Figure 3. HDAC5 association with mAKAPβ signalosomes is required for α-adrenergic-induced HDAC5 nuclear export and neonatal myocyte hypertrophy.

A. Cardiac myocytes were infected with adenovirus expressing HDAC5-GFP, PKD-HA and either mCherry-mAKAP 301–500 or mCherry control before stimulation with PE (50 μM) for 60 min. HDAC5-GFP was immunoprecipitated with a HDAC5 antibody and detected using a phospho-specific antibody for Ser-498/661. B. Cytosolic and nuclear extracts were prepared from myocytes treated as in A and analyzed by western blotting with HDAC5, lamin (nuclear marker), or GAPDH (cytosolic marker) antibodies.
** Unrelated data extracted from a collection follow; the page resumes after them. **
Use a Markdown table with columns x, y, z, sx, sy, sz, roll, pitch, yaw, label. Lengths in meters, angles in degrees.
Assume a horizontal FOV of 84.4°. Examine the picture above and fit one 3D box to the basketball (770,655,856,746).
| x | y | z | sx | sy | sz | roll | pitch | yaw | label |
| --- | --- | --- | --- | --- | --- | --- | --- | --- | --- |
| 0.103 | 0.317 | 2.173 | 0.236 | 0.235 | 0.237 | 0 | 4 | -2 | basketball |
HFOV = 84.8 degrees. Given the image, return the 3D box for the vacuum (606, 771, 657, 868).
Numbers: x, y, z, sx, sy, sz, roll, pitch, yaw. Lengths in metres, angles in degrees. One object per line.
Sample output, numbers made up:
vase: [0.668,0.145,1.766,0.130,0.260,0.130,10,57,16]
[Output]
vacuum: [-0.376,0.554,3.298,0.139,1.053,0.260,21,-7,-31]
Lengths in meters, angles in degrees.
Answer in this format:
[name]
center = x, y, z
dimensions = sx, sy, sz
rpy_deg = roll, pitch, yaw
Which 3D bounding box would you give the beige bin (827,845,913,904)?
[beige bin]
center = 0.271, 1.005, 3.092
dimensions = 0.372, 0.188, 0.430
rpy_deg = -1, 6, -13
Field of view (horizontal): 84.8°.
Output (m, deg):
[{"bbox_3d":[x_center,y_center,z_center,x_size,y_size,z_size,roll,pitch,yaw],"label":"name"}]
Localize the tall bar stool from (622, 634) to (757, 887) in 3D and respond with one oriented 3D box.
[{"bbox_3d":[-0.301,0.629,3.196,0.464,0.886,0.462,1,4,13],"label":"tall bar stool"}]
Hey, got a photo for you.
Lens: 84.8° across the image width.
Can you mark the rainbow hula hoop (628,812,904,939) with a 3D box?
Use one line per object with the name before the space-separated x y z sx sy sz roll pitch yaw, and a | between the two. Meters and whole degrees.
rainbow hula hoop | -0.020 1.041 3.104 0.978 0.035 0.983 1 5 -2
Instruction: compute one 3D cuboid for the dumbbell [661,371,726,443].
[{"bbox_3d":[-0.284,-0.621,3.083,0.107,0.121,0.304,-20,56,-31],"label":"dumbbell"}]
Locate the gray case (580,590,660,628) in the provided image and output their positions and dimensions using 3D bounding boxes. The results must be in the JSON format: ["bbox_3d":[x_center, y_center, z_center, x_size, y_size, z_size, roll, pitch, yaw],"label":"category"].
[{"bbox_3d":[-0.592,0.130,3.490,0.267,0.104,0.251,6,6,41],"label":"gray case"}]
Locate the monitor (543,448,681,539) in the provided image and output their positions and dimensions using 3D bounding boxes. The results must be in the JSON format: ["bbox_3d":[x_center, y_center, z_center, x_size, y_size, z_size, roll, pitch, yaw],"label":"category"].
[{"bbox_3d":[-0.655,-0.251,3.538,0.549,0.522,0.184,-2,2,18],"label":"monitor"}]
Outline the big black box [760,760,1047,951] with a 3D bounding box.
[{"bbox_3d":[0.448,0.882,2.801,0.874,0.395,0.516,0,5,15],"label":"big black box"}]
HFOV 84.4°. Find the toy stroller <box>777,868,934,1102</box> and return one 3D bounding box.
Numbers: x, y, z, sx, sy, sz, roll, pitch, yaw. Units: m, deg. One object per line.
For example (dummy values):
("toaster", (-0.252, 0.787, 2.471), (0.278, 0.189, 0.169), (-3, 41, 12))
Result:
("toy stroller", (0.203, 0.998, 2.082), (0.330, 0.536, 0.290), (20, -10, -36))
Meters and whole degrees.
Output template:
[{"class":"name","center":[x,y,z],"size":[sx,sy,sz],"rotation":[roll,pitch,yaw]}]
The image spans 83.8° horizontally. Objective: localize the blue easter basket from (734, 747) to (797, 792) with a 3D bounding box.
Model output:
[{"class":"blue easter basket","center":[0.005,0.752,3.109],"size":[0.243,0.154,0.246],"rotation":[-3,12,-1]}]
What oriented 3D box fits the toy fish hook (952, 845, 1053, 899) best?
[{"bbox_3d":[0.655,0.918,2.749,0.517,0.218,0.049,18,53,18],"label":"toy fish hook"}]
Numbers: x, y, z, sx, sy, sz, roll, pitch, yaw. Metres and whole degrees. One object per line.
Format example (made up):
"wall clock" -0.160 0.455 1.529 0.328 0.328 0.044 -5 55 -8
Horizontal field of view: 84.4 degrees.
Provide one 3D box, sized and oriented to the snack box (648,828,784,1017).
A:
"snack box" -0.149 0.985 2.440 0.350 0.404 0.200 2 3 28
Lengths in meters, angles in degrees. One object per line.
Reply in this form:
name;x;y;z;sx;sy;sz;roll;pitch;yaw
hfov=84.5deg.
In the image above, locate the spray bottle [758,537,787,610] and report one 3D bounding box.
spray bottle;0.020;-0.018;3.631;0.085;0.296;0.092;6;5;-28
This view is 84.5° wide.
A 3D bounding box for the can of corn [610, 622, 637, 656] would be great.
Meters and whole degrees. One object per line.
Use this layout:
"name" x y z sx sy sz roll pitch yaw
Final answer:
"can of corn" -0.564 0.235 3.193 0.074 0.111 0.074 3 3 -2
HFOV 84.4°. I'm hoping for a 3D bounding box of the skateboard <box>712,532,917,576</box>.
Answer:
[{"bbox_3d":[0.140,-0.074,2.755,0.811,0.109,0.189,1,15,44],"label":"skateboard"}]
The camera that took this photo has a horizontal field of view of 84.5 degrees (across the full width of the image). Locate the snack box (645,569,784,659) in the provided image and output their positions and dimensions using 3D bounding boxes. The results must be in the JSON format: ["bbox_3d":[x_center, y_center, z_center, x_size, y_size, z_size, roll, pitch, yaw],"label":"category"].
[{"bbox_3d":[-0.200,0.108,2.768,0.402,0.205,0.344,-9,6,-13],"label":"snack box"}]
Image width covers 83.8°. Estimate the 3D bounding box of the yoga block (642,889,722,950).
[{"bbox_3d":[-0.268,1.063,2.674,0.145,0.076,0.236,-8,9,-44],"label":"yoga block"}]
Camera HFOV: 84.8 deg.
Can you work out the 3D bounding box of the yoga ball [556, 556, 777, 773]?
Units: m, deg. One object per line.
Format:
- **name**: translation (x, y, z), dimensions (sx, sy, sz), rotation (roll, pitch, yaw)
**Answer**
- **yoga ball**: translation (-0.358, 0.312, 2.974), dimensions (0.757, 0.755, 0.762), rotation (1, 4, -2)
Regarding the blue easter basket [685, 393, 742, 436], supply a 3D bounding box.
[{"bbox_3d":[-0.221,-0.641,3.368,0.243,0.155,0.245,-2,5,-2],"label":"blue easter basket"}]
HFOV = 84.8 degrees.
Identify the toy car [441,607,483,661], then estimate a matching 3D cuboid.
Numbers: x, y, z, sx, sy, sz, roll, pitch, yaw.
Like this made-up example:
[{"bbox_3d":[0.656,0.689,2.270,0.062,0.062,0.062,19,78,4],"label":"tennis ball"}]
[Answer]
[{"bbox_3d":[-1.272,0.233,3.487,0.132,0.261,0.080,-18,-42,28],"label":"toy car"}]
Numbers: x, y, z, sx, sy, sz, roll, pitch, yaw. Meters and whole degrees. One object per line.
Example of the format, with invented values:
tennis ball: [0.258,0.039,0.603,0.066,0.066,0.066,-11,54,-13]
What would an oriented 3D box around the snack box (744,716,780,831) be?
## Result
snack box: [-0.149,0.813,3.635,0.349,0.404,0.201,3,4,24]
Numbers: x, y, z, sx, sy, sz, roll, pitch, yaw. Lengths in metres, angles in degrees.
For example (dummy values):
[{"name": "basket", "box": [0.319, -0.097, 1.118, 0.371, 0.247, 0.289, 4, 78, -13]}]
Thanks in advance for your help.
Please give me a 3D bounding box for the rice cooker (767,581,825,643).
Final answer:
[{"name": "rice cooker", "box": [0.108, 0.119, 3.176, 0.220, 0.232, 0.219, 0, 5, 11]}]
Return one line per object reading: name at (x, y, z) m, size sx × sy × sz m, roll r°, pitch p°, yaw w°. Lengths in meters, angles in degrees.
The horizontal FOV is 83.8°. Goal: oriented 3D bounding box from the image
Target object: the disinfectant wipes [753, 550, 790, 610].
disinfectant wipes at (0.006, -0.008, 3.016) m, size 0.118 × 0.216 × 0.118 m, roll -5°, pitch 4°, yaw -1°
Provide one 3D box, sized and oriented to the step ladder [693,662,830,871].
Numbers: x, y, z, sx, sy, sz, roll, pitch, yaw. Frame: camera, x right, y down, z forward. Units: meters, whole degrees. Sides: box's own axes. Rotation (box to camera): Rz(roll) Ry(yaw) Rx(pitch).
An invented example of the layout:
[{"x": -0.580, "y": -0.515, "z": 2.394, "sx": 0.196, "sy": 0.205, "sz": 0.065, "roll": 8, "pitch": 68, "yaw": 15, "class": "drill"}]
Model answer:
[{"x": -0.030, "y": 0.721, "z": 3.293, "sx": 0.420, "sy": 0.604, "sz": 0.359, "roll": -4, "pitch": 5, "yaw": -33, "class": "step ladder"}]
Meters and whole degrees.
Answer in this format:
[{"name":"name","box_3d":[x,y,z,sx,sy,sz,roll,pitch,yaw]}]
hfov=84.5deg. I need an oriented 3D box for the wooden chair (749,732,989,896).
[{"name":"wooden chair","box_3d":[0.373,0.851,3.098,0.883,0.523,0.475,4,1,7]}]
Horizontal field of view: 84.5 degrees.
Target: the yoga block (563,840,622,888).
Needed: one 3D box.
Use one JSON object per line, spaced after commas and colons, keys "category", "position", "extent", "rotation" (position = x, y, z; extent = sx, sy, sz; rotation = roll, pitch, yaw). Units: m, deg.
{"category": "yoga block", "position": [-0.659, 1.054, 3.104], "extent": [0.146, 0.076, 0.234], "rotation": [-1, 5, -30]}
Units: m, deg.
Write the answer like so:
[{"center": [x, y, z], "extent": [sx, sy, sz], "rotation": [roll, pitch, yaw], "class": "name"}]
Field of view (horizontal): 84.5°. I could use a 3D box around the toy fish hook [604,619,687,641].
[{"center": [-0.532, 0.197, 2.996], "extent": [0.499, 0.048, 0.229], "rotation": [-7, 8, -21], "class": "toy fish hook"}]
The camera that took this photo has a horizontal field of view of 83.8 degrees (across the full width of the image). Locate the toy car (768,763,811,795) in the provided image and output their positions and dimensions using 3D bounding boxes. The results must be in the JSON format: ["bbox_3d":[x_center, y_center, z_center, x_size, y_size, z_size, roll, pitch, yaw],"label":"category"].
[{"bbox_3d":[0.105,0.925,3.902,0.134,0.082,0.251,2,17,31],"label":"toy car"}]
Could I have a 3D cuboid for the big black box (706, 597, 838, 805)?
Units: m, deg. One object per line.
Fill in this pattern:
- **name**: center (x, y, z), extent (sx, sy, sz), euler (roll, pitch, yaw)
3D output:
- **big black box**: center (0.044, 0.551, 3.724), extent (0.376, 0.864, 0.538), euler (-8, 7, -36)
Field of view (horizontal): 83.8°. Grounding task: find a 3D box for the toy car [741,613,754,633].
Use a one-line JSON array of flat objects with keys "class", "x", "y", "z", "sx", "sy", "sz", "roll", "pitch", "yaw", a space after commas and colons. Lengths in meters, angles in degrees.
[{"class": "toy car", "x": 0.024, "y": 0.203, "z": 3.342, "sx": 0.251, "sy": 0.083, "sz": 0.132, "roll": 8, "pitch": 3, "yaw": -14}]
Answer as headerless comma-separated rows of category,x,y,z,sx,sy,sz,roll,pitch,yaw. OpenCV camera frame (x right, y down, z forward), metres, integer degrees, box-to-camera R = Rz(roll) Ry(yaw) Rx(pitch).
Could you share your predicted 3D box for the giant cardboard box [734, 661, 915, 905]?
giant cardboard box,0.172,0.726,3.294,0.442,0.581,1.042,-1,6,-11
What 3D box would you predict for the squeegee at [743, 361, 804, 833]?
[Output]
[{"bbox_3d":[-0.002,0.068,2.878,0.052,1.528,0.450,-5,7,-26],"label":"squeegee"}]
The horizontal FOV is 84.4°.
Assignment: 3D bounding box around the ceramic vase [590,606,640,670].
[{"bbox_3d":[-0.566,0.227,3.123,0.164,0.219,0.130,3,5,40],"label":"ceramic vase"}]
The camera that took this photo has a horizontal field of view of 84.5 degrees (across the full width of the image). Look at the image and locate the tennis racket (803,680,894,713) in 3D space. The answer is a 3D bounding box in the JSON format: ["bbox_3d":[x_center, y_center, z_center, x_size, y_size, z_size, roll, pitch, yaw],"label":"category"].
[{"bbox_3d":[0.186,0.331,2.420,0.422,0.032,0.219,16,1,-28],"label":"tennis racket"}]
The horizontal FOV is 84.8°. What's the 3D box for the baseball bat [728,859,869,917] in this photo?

For A and B, n = 3. C. Cardiac myocytes were transfected with ptTA and pTRE expression plasmids for either mCherry-mAKAP 301–500 or mCherry control before stimulation with PE (10 μM) for 2 days and staining with α-actinin antibody (green) and Hoechst nuclear stain (blue). Parallel cultures were stained for ANF expression (not shown). n = 5 separate biological replicates. *p-value vs. no drug controls; ^† vs. mCherry + PE. For ANF expression, 2-way matched ANOVA was significant for anchoring disruptor expression (p = 0.03 for samples with mCherry-301-500 vs. samples with mCherry control), albeit pairwise post-hoc testing comparing PE-treated control and 301–500 peptide samples did not reach statistical significance.